Nifty Midcap Select Index
The Nifty Midcap Select Index has recently approached its resistance level at 13,200. This significant level is likely to act as a barrier to further upward movement, causing the index to halt its bullish stance temporarily. Given the strength of this resistance, a pullback in the near term is expected, which could provide more attractive buying opportunities for traders.
For near-term traders, the best strategy would be to book profits at the current market price, given that the index is now at a critical resistance point. Taking profits now allows traders to lock in gains from the recent bullish run and avoid the potential downside associated with the anticipated pullback.
This proactive approach helps to manage risk and secure gains in an uncertain market phase. Traders should avoid short-selling the index at this stage, as the overall trend remains positive. Short-selling in a broadly bullish market can be risky, and the potential for a pullback does not necessarily imply a reversal of the uptrend.
Instead, traders should be patient and wait for the pullback to materialize, using it as an opportunity to accumulate positions at lower levels.

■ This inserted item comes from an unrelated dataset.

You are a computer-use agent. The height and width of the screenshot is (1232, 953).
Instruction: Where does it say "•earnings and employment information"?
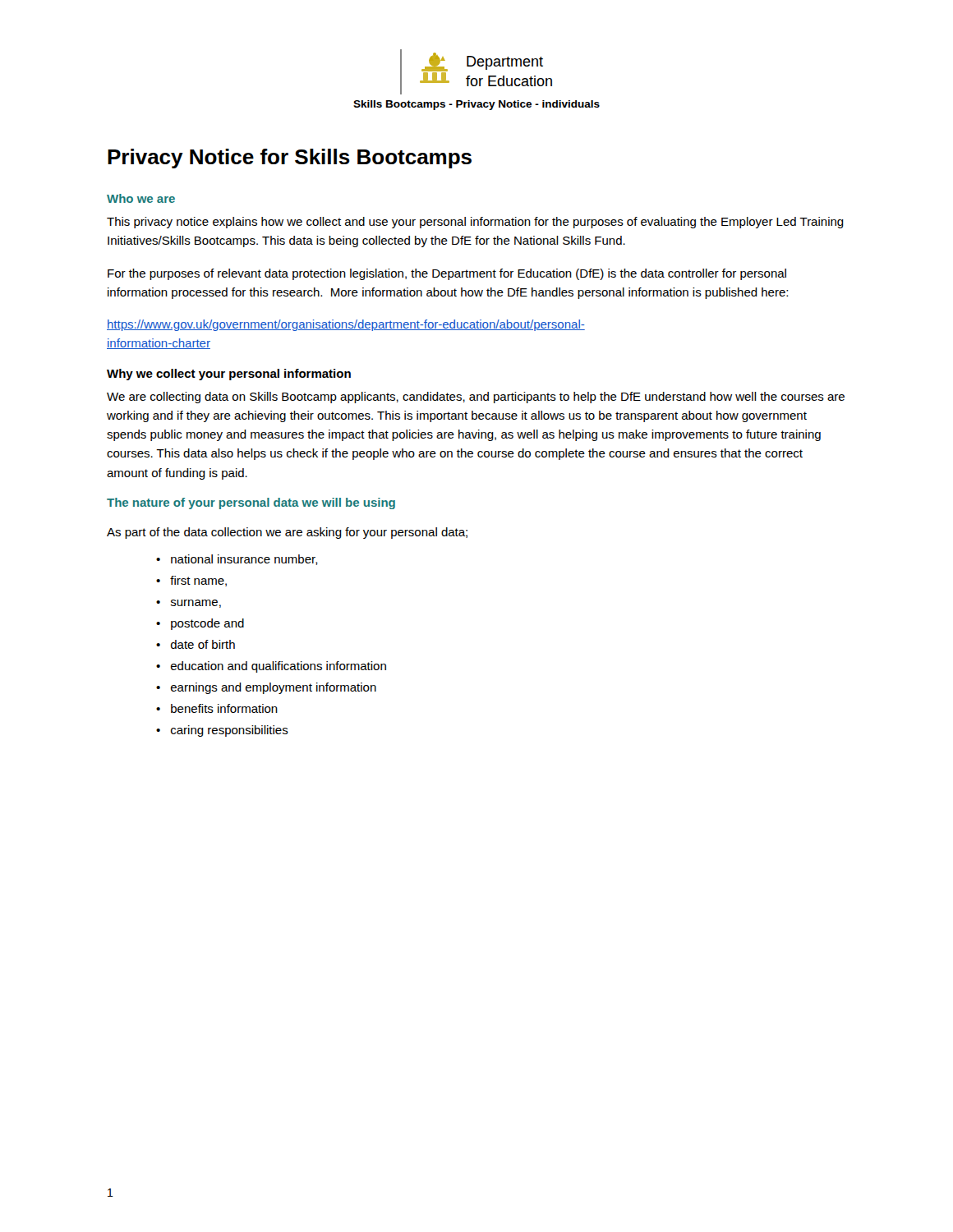click(x=266, y=687)

Key support levels to watch during this pullback phase are 12,960, 12,810, and 12,700. These levels represent potential entry points where the index may find buying interest, providing a solid base for the next upward movement.
Accumulating the index and its constituents around these support levels allows traders to capitalize on the broader bullish trend while minimizing downside risk.
(Disclaimer: Ravi Nathani is an independent technical analyst. Views are his own. He does not hold any positions in the Indices mentioned above and this is not an offer or solicitation for the purchase or sale of any security. It should not be construed as a recommendation to purchase or sell such securities.)